Saturday, July 19, 2008

Because When and Where We Enter...

...the entire human race enters with us.

Posted at elle who got it from Nora who got it in circulation because Kendra Tappin, a Firewalker/Afrofuturist/Womanist/artist/activist/comrade put it out there.

Hell yes.

Give it another push please, as Kendra requested. Forward to at least ONE other person you know.

(X-posted @ Waiting 2 Speak)

Dear Friends,

On Wednesday, June 25 a 20-year-old black woman was raped and robbed in her apartment in Philadelphia. A man forced himself into her apartment and once he was inside he called up two of his friends. After four hours the three men left.
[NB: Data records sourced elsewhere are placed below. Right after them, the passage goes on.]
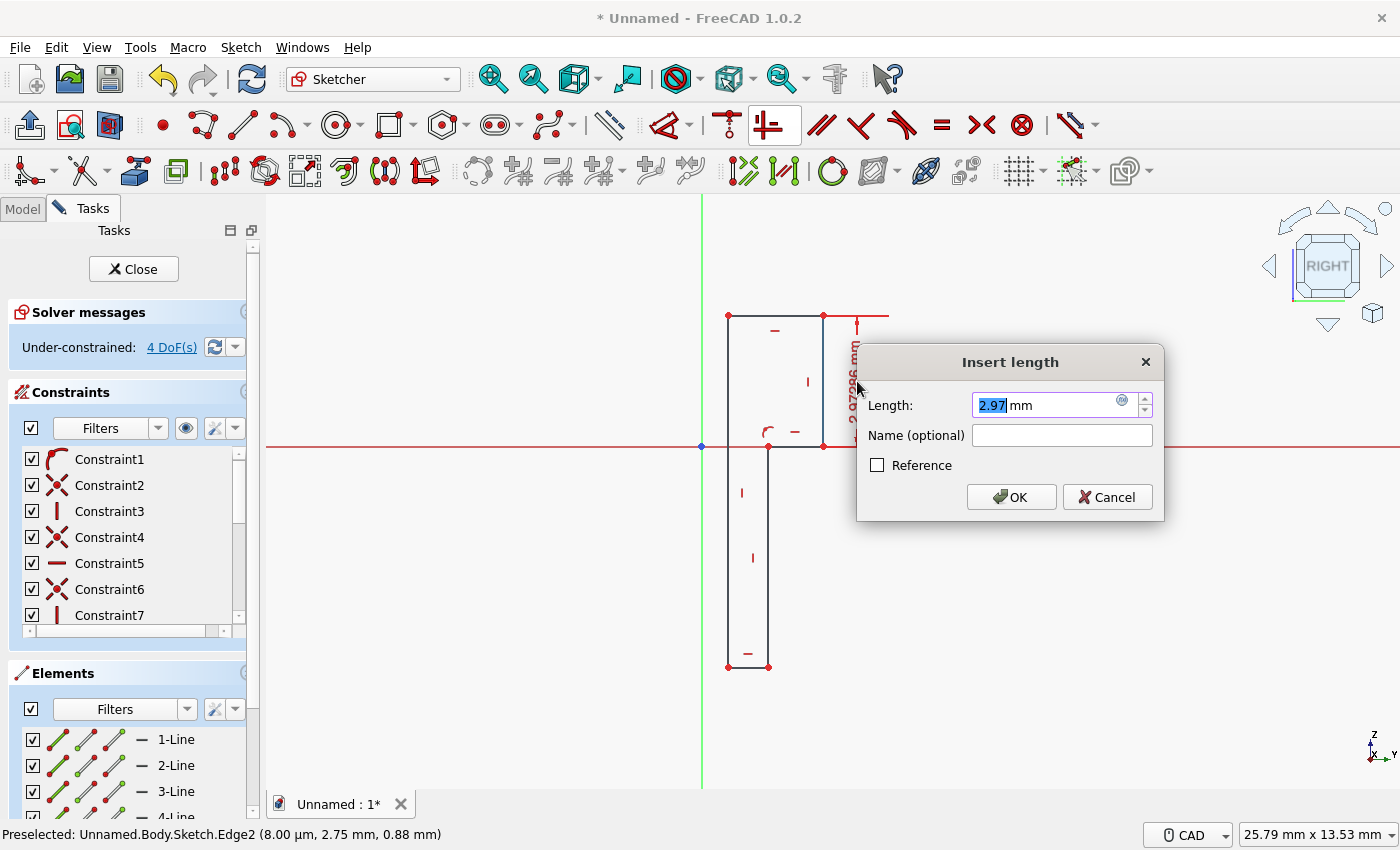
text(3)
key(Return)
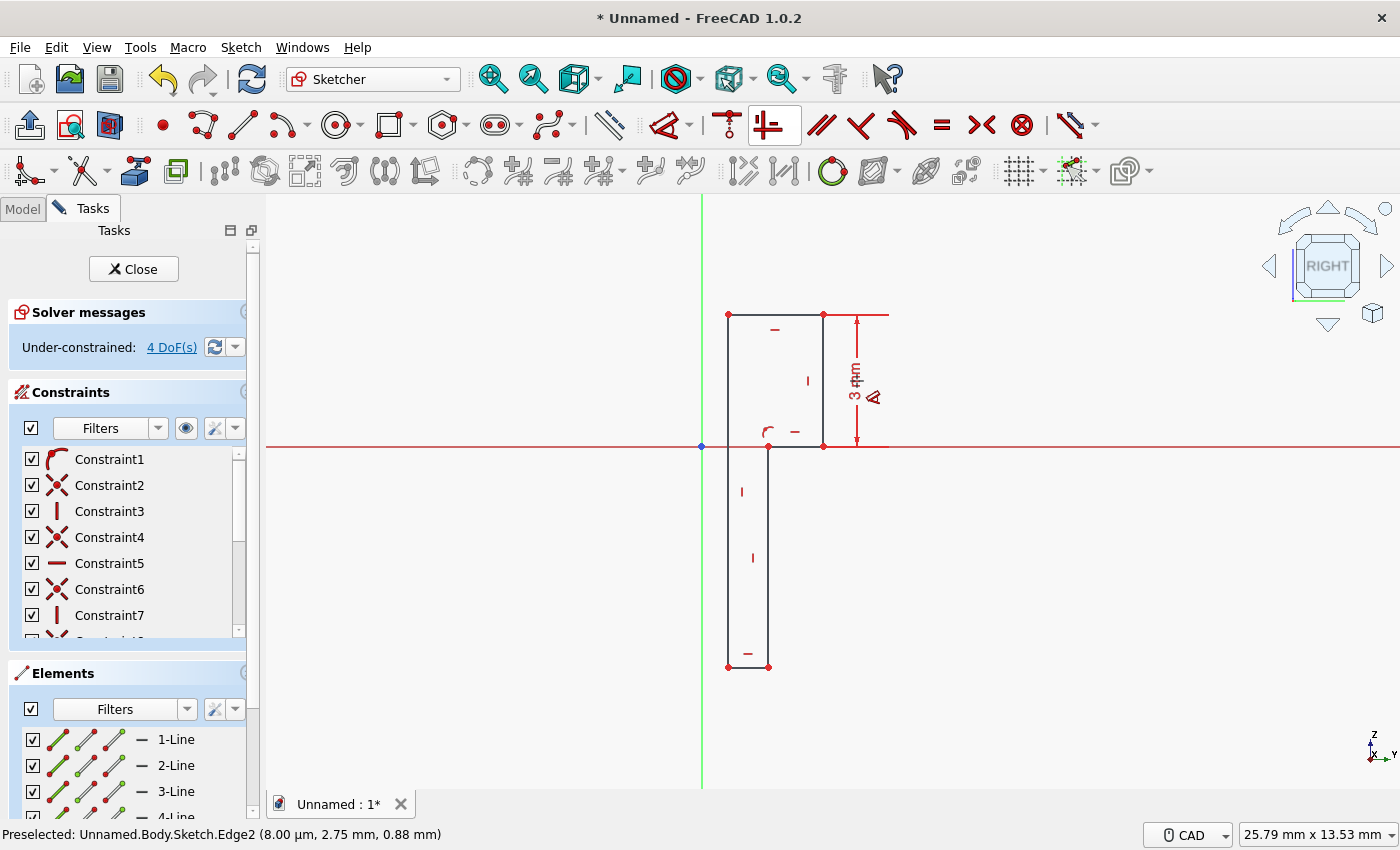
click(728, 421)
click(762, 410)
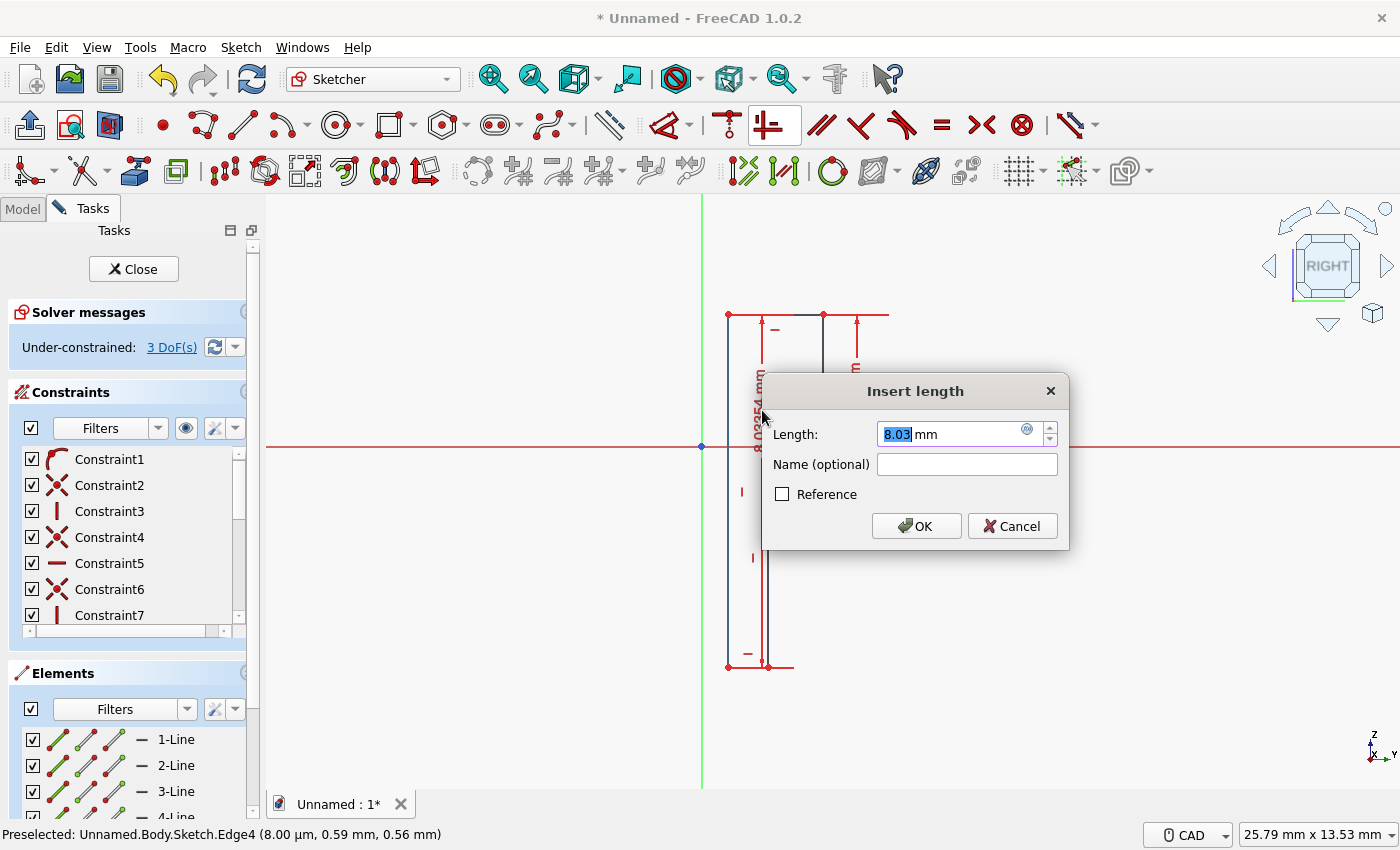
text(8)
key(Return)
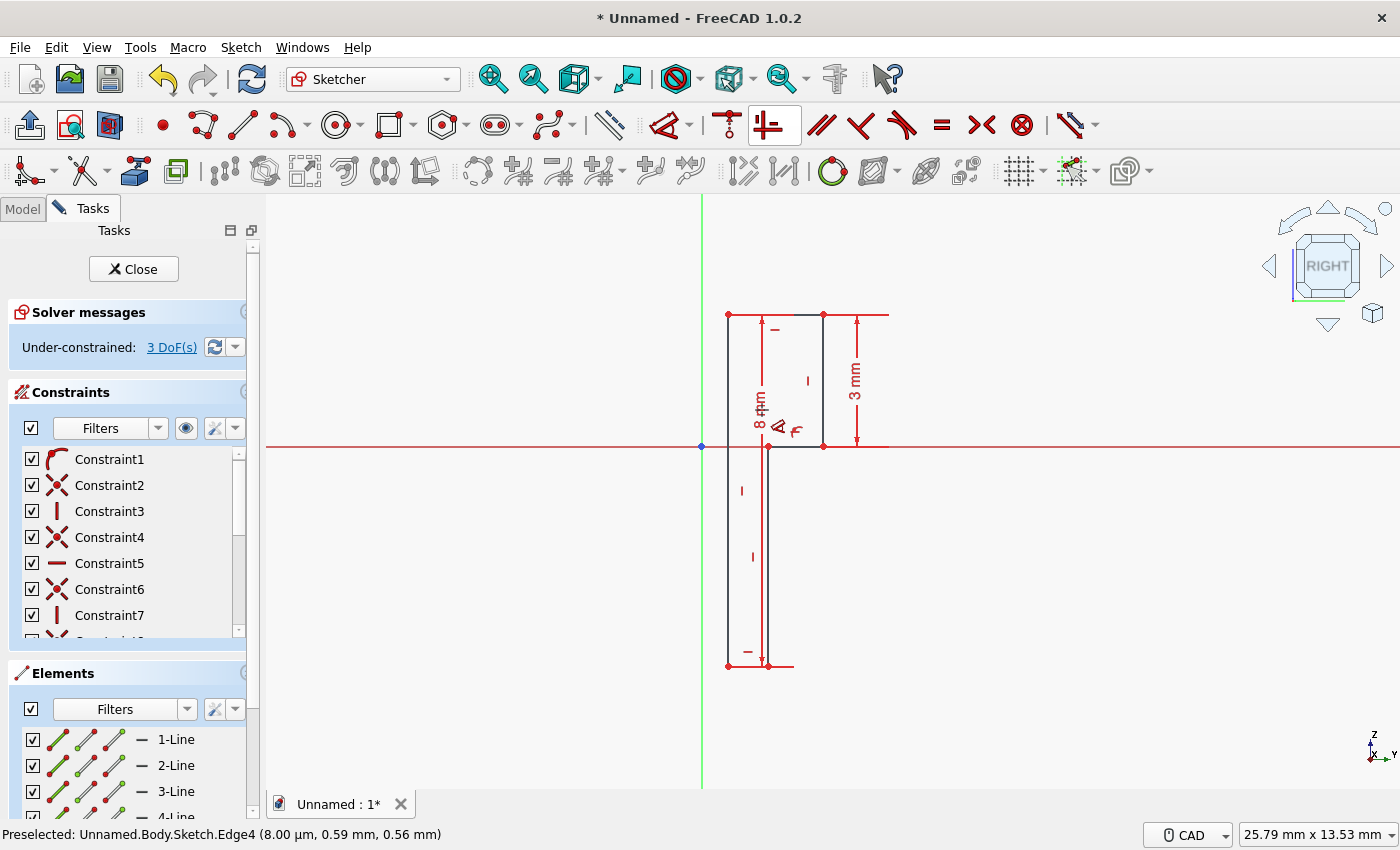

The victim was left to walk a mile alone to the closest police station where she reported the crime. The woman’s next-door neighbor has said that she saw the initial intrusion and heard the screaming but that she went to bed and did nothing. Other neighbors reported that they also heard the woman’s screams but that they did nothing.

Twenty-four hours before this incident a 48 year-old woman was raped just a few blocks away. She was lying in her bed when an unknown man intruded into her home. He raped her and he stabbed her in her neck. Police say that they do not believe the two crimes are related or that any of the same men are involved.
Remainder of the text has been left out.